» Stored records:
=== Section Start ===

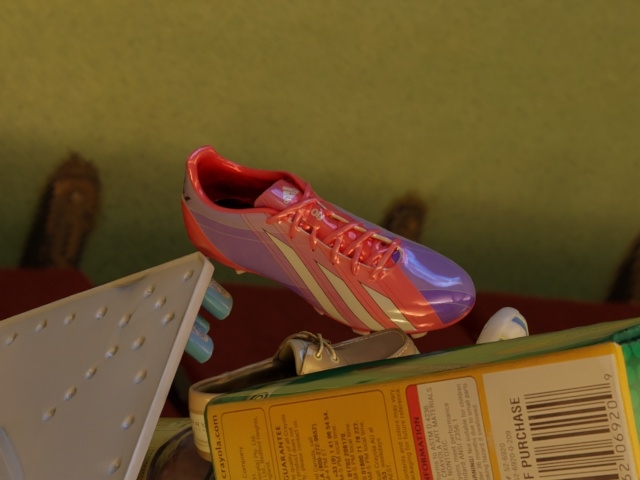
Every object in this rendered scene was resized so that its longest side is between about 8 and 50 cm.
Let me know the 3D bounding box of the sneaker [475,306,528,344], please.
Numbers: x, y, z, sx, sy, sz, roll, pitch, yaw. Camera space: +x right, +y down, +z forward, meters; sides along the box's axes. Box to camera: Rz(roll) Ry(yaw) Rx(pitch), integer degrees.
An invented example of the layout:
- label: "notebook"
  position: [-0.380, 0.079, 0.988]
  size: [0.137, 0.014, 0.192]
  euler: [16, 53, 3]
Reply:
- label: "sneaker"
  position: [0.205, 0.182, 1.567]
  size: [0.091, 0.126, 0.240]
  euler: [-39, 138, -52]

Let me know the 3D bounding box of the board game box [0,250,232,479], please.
- label: "board game box"
  position: [-0.262, 0.215, 1.264]
  size: [0.050, 0.390, 0.390]
  euler: [44, 45, -31]

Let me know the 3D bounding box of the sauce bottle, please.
- label: "sauce bottle"
  position: [-0.081, 0.186, 1.206]
  size: [0.111, 0.344, 0.111]
  euler: [2, 84, -22]

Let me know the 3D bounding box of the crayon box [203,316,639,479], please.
- label: "crayon box"
  position: [0.069, 0.169, 0.493]
  size: [0.081, 0.165, 0.278]
  euler: [-7, 86, -47]

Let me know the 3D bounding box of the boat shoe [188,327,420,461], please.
- label: "boat shoe"
  position: [-0.008, 0.074, 0.877]
  size: [0.135, 0.050, 0.045]
  euler: [-24, 114, -20]

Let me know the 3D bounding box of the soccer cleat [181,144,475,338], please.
- label: "soccer cleat"
  position: [0.000, 0.000, 1.229]
  size: [0.083, 0.248, 0.095]
  euler: [-51, 148, -34]

=== Section End ===

» Task to complete: Reproduce exactly what appears from the line containing "Let me know the 3D bounding box of the board" down to the final line of the data.

» Written response:
Let me know the 3D bounding box of the board game box [0,250,232,479], please.
- label: "board game box"
  position: [-0.262, 0.215, 1.264]
  size: [0.050, 0.390, 0.390]
  euler: [44, 45, -31]

Let me know the 3D bounding box of the sauce bottle, please.
- label: "sauce bottle"
  position: [-0.081, 0.186, 1.206]
  size: [0.111, 0.344, 0.111]
  euler: [2, 84, -22]

Let me know the 3D bounding box of the crayon box [203,316,639,479], please.
- label: "crayon box"
  position: [0.069, 0.169, 0.493]
  size: [0.081, 0.165, 0.278]
  euler: [-7, 86, -47]

Let me know the 3D bounding box of the boat shoe [188,327,420,461], please.
- label: "boat shoe"
  position: [-0.008, 0.074, 0.877]
  size: [0.135, 0.050, 0.045]
  euler: [-24, 114, -20]

Let me know the 3D bounding box of the soccer cleat [181,144,475,338], please.
- label: "soccer cleat"
  position: [0.000, 0.000, 1.229]
  size: [0.083, 0.248, 0.095]
  euler: [-51, 148, -34]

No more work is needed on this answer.